Primidone: (Moderate) Concurrent use of papaverine with potent CNS depressants such as barbiturates could lead to enhanced sedation.
Quazepam: (Moderate) Concurrent use of papaverine with potent CNS depressants such as benzodiazepines could lead to enhanced sedation.
Remimazolam: (Moderate) Concurrent use of papaverine with potent CNS depressants such as benzodiazepines could lead to enhanced sedation.
Secobarbital: (Moderate) Concurrent use of papaverine with potent CNS depressants such as barbiturates could lead to enhanced sedation.
Temazepam: (Moderate) Concurrent use of papaverine with potent CNS depressants such as benzodiazepines could lead to enhanced sedation.

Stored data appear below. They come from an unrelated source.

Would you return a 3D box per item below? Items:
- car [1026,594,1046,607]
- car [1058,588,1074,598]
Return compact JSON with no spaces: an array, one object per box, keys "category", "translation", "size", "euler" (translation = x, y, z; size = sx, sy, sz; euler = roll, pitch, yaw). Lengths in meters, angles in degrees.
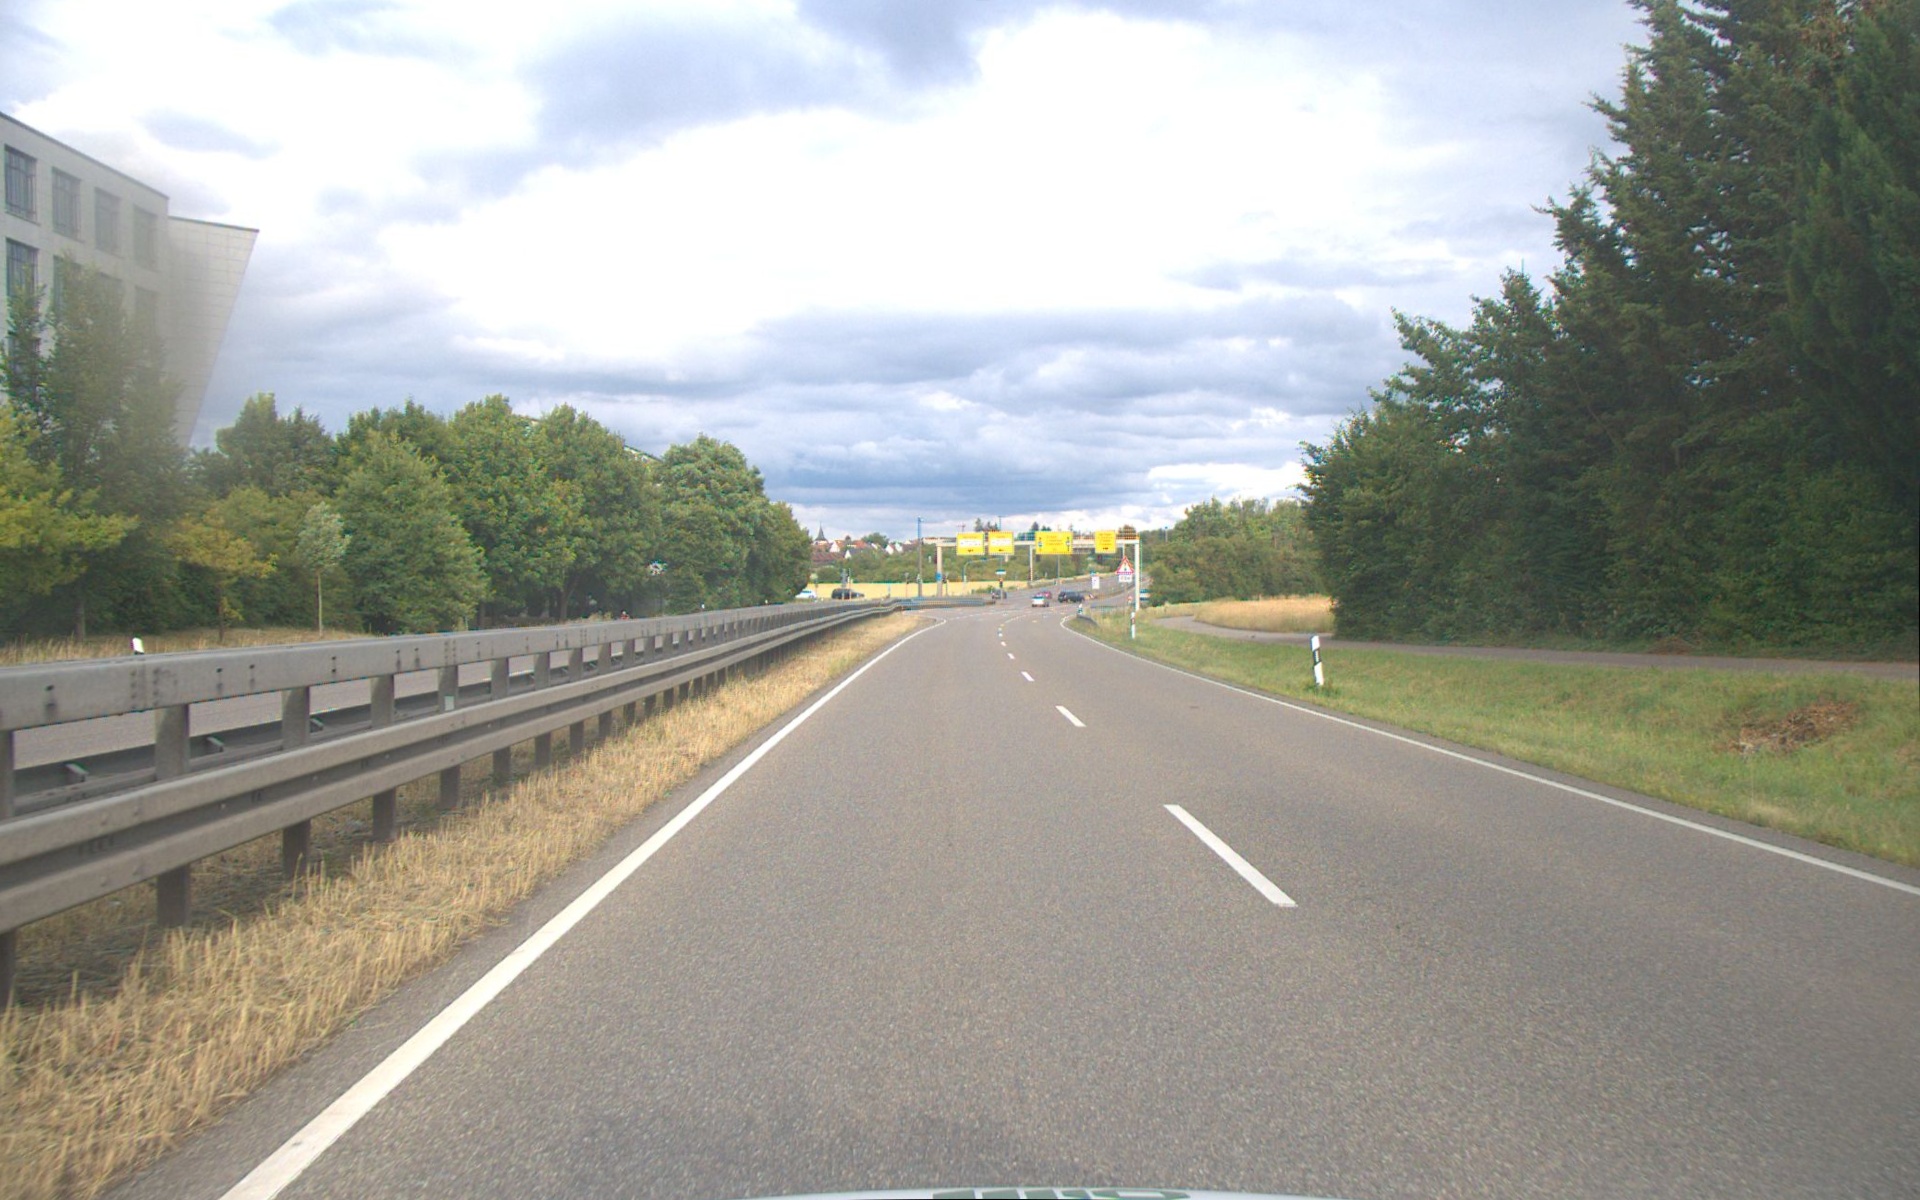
[{"category":"car","translation":[9.508,0.076,206.181],"size":[1.759,1.583,4.003],"euler":[0,0,12]},{"category":"car","translation":[15.874,-1.049,247.814],"size":[1.759,1.583,4.003],"euler":[0,0,12]}]
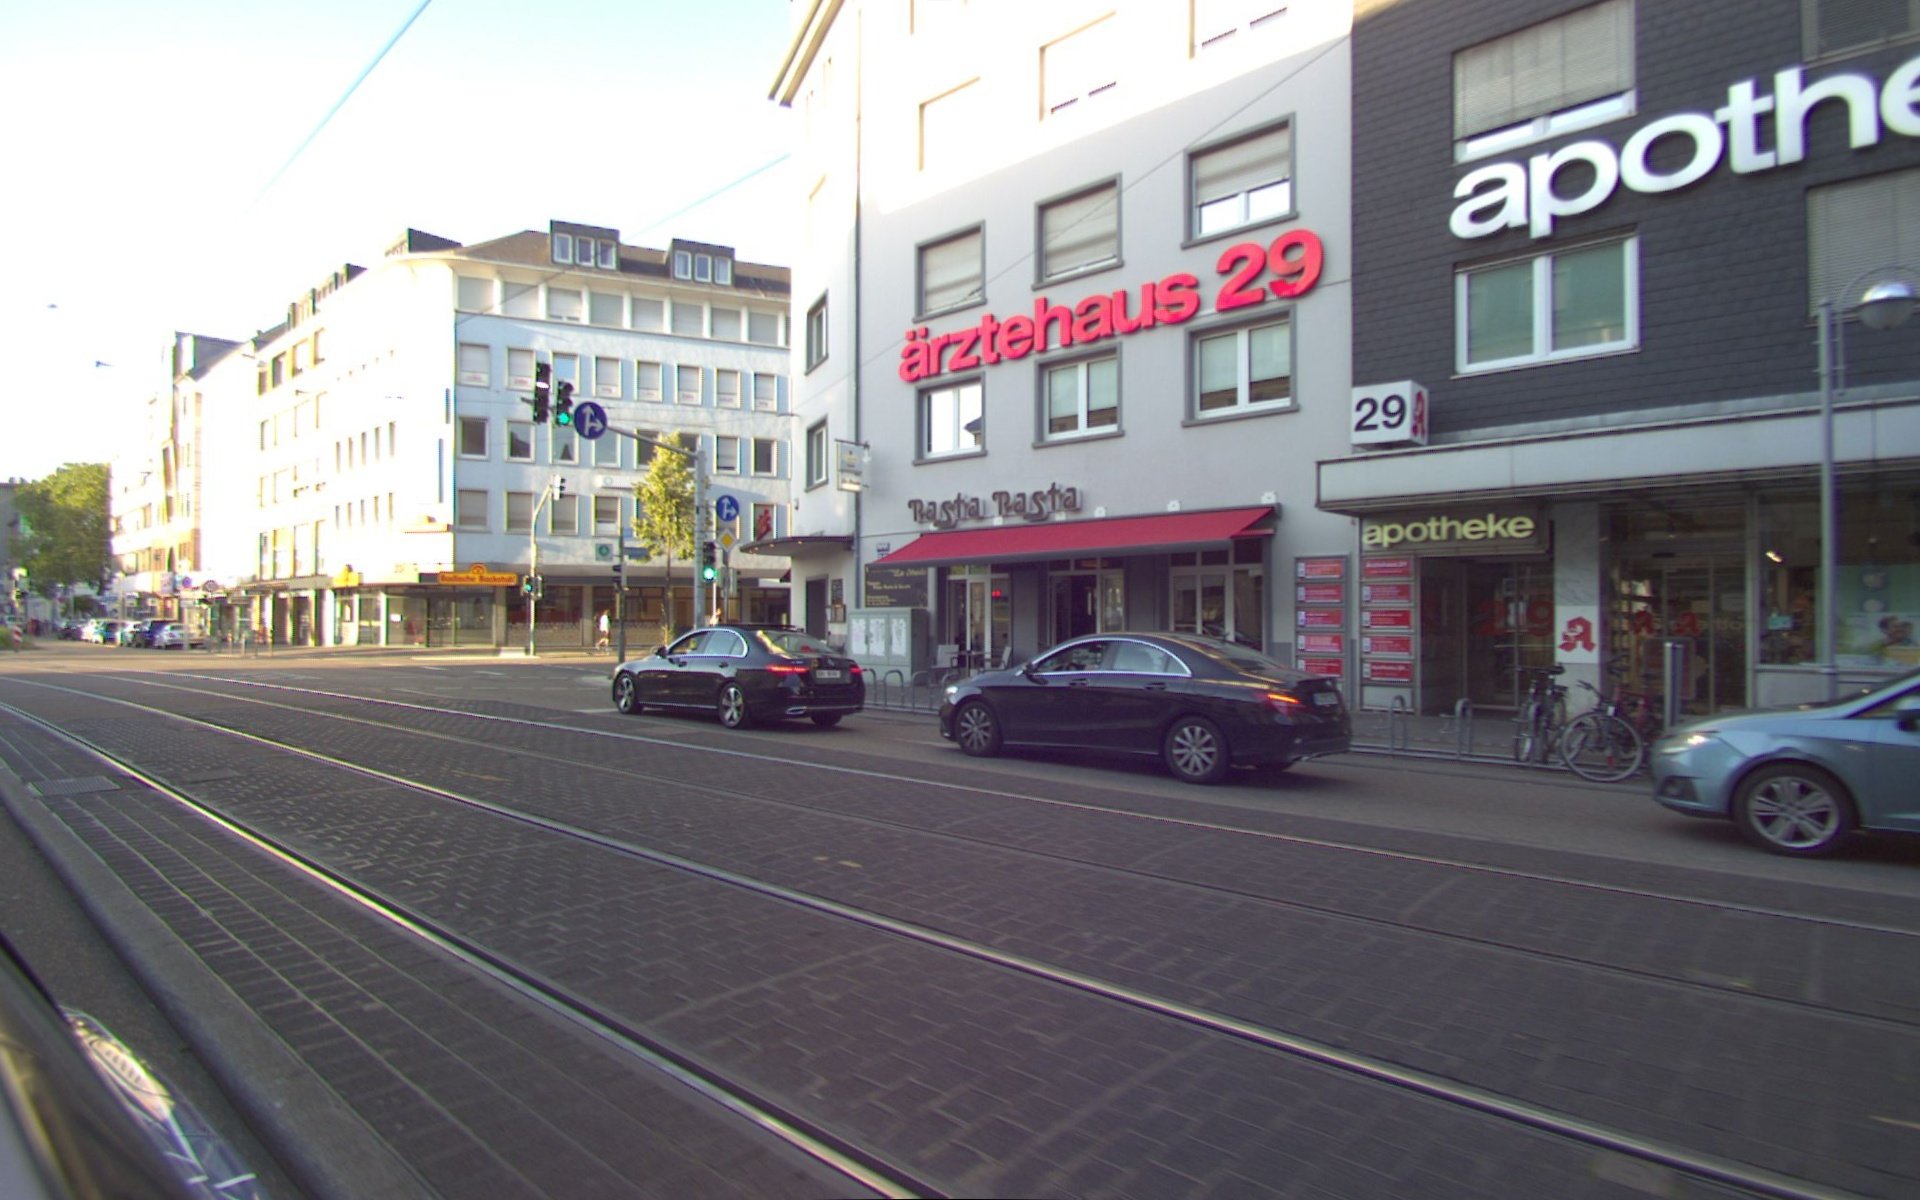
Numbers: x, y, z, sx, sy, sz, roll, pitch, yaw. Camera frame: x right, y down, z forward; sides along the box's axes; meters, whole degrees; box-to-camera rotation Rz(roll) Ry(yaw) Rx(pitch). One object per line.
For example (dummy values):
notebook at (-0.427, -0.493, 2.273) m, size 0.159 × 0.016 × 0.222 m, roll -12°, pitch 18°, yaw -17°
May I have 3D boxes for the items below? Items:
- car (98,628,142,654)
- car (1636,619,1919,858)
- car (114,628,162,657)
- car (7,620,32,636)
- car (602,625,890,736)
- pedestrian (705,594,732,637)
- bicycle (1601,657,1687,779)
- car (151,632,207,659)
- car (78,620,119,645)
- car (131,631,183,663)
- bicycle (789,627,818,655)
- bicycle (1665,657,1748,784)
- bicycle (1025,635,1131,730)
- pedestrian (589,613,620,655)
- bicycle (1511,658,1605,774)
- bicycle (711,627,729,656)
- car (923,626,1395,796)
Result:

Triazolam: (Moderate) Concurrent use of papaverine with potent CNS depressants such as benzodiazepines could lead to enhanced sedation.
PREGNANCY AND LACTATION
Pregnancy
It is not known whether papaverine is excreted in human milk. According to the manufacturer, papaverine should be used with caution in women who are breast-feeding. Consider the benefits of breast-feeding, the risk of potential infant drug exposure, and the risk of an untreated or inadequately treated condition. If a breast-feeding infant experiences an adverse effect related to a maternally ingested drug, healthcare providers are encouraged to report the adverse effect to the FDA.
MECHANISM OF ACTION
Papaverine is a benzylisoquinoline alkaloid of opium. It is structurally different from morphine and codeine, which are phenanthrene alkaloids. Papaverine acts by inhibiting phosphodiesterase in smooth muscle cells, which produces increased tissue levels of cyclic adenosine monophosphate and cyclic guanosine 3,5-monophosphate and subsequent relaxation of vascular smooth muscle. Calcium ion channels in cell membranes may also be blocked by papaverine, resulting in a reduction of release of calcium from the intracellular spaces. Papaverine has a spasmolytic effect on smooth muscle of the large blood vessels, particularly those of the coronary, cerebral, peripheral and pulmonary arteries. This spasmolytic effect is unrelated to muscle innervation, and the muscle cell is still responsive to drugs and other stimuli which cause contraction. Relaxation of smooth muscle is also produced in the bronchial musculature, and in the gastrointestinal, biliary, and urinary tracts. Papaverine also relaxes cardiac muscle by directly depressing conduction and excitability of the myocardium and prolonging the refractory period.
PHARMACOKINETICS
Papaverine is administered orally and parenterally. Papaverine is metabolized in the liver to inactive metabolites, which are excreted in the urine.
Oral Route
Following oral administration, papaverine is rapidly absorbed with peak plasma levels occurring within 1—2 hours. Oral bioavailability is approximately 54% and plasma protein binding is 90%.